In tuning, one is less concerned with absolute values than relative. That is, clock_gettime is ultimately based on number of highres clock ticks (at 1ns/tick or better from the system's free running TSC (time stamp counter)). What the clock frequency actually is doesn't matter as much. If you measure a loop/function and get X duration. Then, you change some code and get X+n, this tells you whether the code got faster or slower.

500ns isn't that large an amount. Almost any system wide action (e.g. timeslicing, syscall, task switch, etc.) could account for that. Unless you've mapped the GPIO registers into app memory, the syscall overhead could dwarf that.

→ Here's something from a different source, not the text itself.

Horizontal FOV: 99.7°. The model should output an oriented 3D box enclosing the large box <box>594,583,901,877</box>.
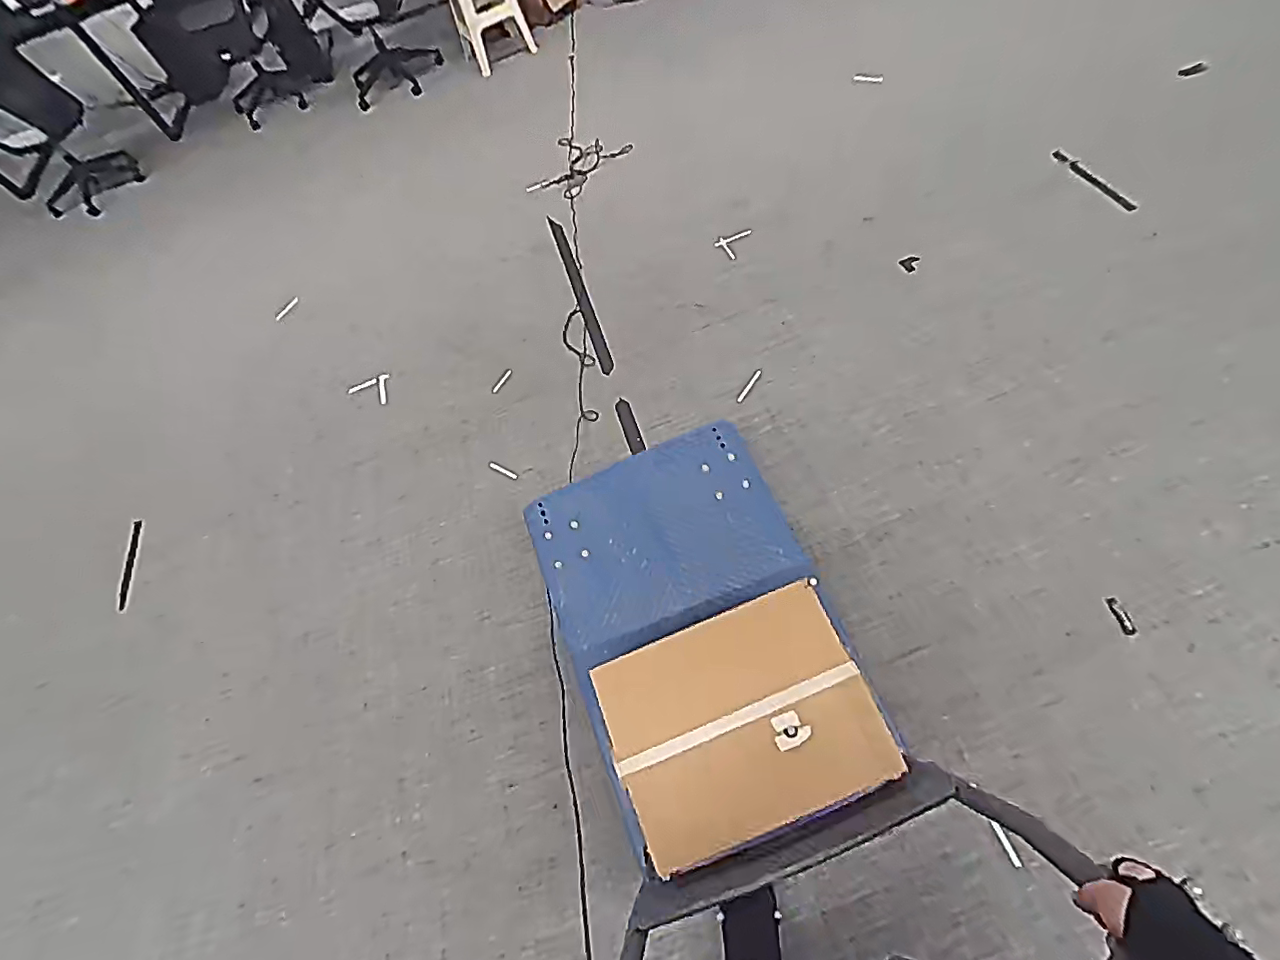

In fact, just the overhead of calling clock_gettime could account for that.

Although the clock_gettime is technically a syscall, linux will map the code directly into the app's code via the VDSO mechanism so there is no syscall overhead. But, even the userspace code has some calculations to do.

For example, I have two x86 PCs. On one system the overhead of the call is 26 ns. On another system, the overhead is 1800 ns. Both these systems are at least 2GHz+

For your beaglebone/arm system, the base clock rate may be less, so overhead of 500 ns may be ballpark.

I usually benchmark the overhead and subtract it out from the calculations.

And, on the x86, the actual code just gets the CPU's TSC value (via the rdtsc instruction) and does some adjustment. For arm, it has a similar H/W register but requires special care to map userspace access to it (a coprocessor instruction, IIRC).

Speaking of arm, I was doing a commercial arm product (an nVidia Jetson to be exact). We were very concerned about latency of incoming video frames.

The H/W engineer didn't trust TSC [or software in general ;-)] and was trying to use a scope, an LED [controlled by a GPIO pin] and when the LED flash/pulse showed up inside the video frame (e.g. the coordinates of the white dot in the video frame were [effectively] a time measurement).

It took a while to convince the engineer, but, eventually I was able to prove that the clock_gettime/TSC approach was more accurate/reliable.

And, certainly, easier to use. We had multiple test/development/SDK boards but could only hook up the scope/LED rig on one at a time.